Biznesmen został oskarżony o kierowanie zorganizowaną grupą przestępczą liczącą 34 osoby. Już czwarty rok przebywa w areszcie. Według prokuratury, grupa zarobiła 23 miliony złotych, porzucając 55 tysięcy ton chemikaliów. To jednak nie wszystko. W miejscu wskazanym przez naszych dziennikarzy odkryto ogromne podziemne wysypisko śmieci wykorzystywane przez inne firmy. Całkowita powierzchnia to 12 boisk piłkarskich, a grubość warstwy odpadów dochodzi do 8 metrów. Szacunkowy koszt usunięcia to kwota równa połowie rocznego budżetu Bytomia.   

- Koszt rekultywacji to pól miliarda złotych. Nie wierzę w to, że państwo polskie, będzie chciało w jakikolwiek sposób ponieść odpowiedzialność, tego, co tutaj się wydarzyło i przeznaczyć taką kwotę na oczyszczenie tego terenu. Mówimy o 550 tysiącach ton – mówi Mariusz Wołosz, prezydent Bytomia.

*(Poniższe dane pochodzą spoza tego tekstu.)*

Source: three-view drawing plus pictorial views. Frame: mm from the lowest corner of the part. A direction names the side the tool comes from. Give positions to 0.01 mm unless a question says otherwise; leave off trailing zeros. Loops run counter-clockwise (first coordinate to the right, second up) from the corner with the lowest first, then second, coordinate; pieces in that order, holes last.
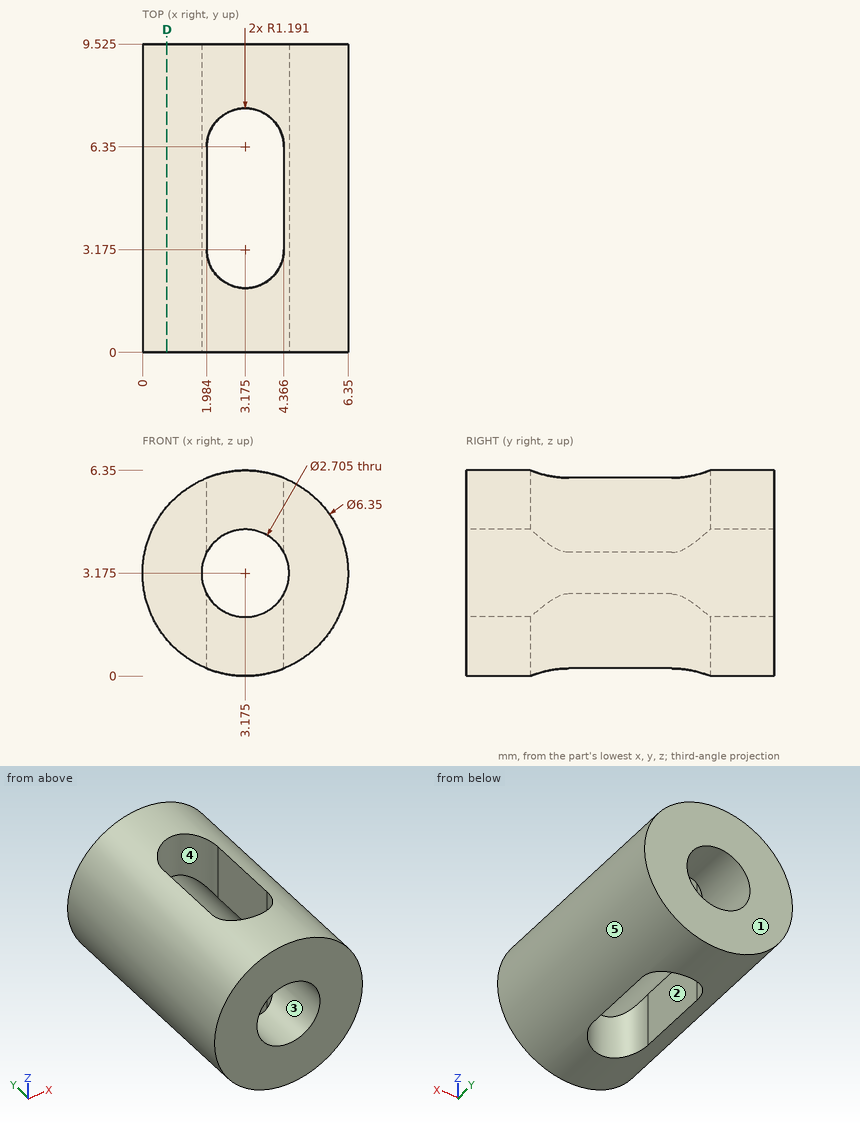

Tymczasem wróćmy do naszego rozmówcy. W sądach toczą się jeszcze trzy jego sprawy związane z odpadami. Do tej pory zapadły dwa prawomocne wyroki skazujące. W obydwu orzeczono warunkowe zawieszenie wykonania kary. Zasądzone grzywny, w sumie 55 tysięcy złotych, rozłożono na raty. Koszt usunięcia śmieci z terenu dawnej firmy naszego rozmówcy w Kłopotowie to ponad 20 milionów złotych. Obecnie mężczyzna wiedzie życie pozbawionego majątku emeryta.

- Wie pan, mnie to się już potem znudziło. To tłumaczenie, to wszystko. Przecież miałem telefony i nie tylko… to wszystko było na podsłuchach – mówi mężczyzna. I dodaje: - Wolę sobie posiedzieć koło domu, świeże powietrze…

- Wie pan, to było wszystko może tam trochę naginane to prawo w niektórych przypadkach, ale tak to wszystko było zgodnie z prawem – kwituje mężczyzna.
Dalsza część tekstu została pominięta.